Gay Families and Grace Cards

The kids are all right.  At least that’s what the movie of the same name wants you to think.  Playing in limited release in seven theatres in five cities (New York, San Francisco, LA, Chicago, and Toronto), The Kids Are All Right centers on the lives of two moms (Annette Bening and Julianne Moore) and their two children (Mia Wasikowska and Josh Hutcherson).  The children, conceived through artificial insemination, decide to track down their biological father (Mark Ruffalo).  In a series of events — some funny and some moving — the lives of the two children, two moms, and one dad all become emotionally intertwined.  Not likely to ever come to a theatre near me, the movie opens in eleven new cities this weekend.  According to Deadline Hollywood, The Kids Are All Right recorded the year’s highest per screen average when it was released last weekend. 
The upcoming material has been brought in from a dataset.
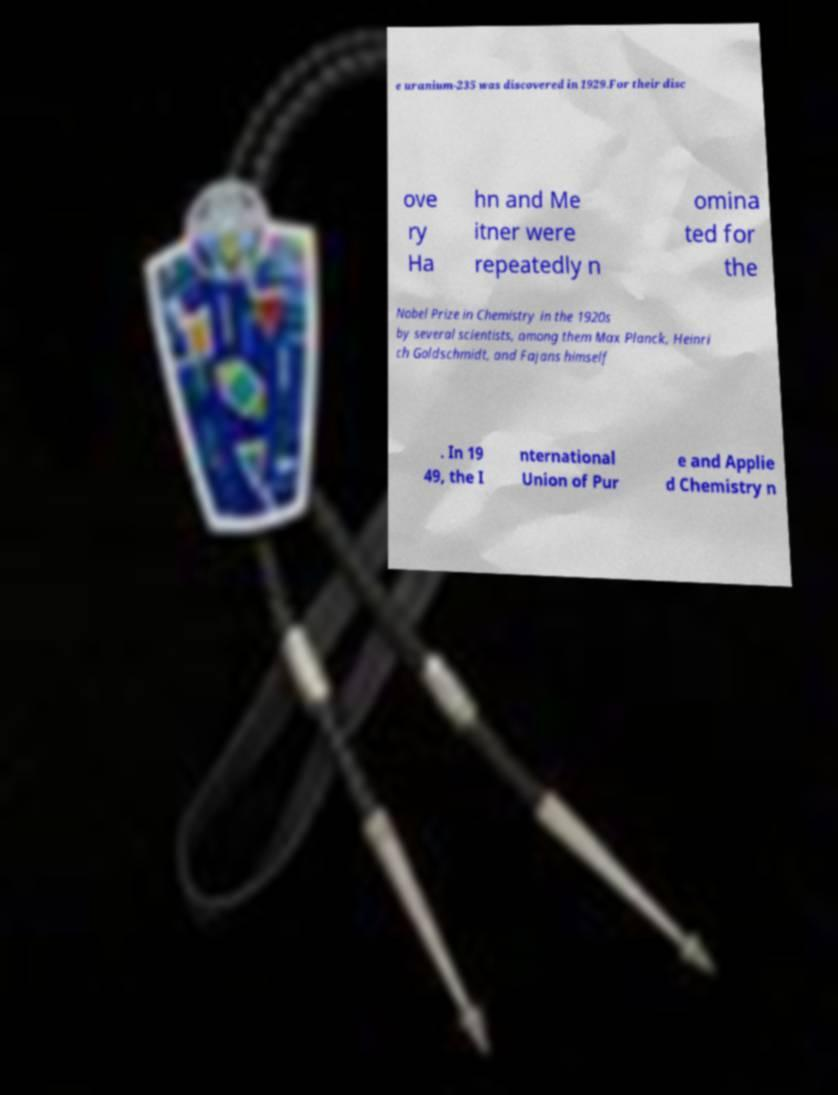Please identify and transcribe the text found in this image. e uranium-235 was discovered in 1929.For their disc ove ry Ha hn and Me itner were repeatedly n omina ted for the Nobel Prize in Chemistry in the 1920s by several scientists, among them Max Planck, Heinri ch Goldschmidt, and Fajans himself . In 19 49, the I nternational Union of Pur e and Applie d Chemistry n

Even though I don’t look for too many Americans to spend their hard-earned money to see this film, it’s not for lack of glowing reviews from leading film critics throughout the country.  The headline for one review in particular, by Movieline’s Stephanie Zacharek (read full review here), caught my attention.  She simply titles her review thus:

Brilliant Kids Are All Right Brims With Grace, Smarts, and Laughs

Brims with grace.  What an accolade!  When we examine our lives and the lives of our churches – actions, words, and even motives – can we say that we “brim with grace?”  More importantly, when non-Christians turn the Biblical spotlight on us (whether or not they actually believe the Bible), would there be enough evidence to convict us of living grace-filled lives toward others?   Oh, we might overflow with grace toward people we know who are already all right.  However, do we extend grace toward those who we know are not all right, regardless of how they got to be all wrong?  Or do we instead show grace only to those who are misguided on minor issues, but withhold that same grace to those we believe are really, truly wrong on the major issues of the day like homosexuality, abortion, alcohol, and even divorce?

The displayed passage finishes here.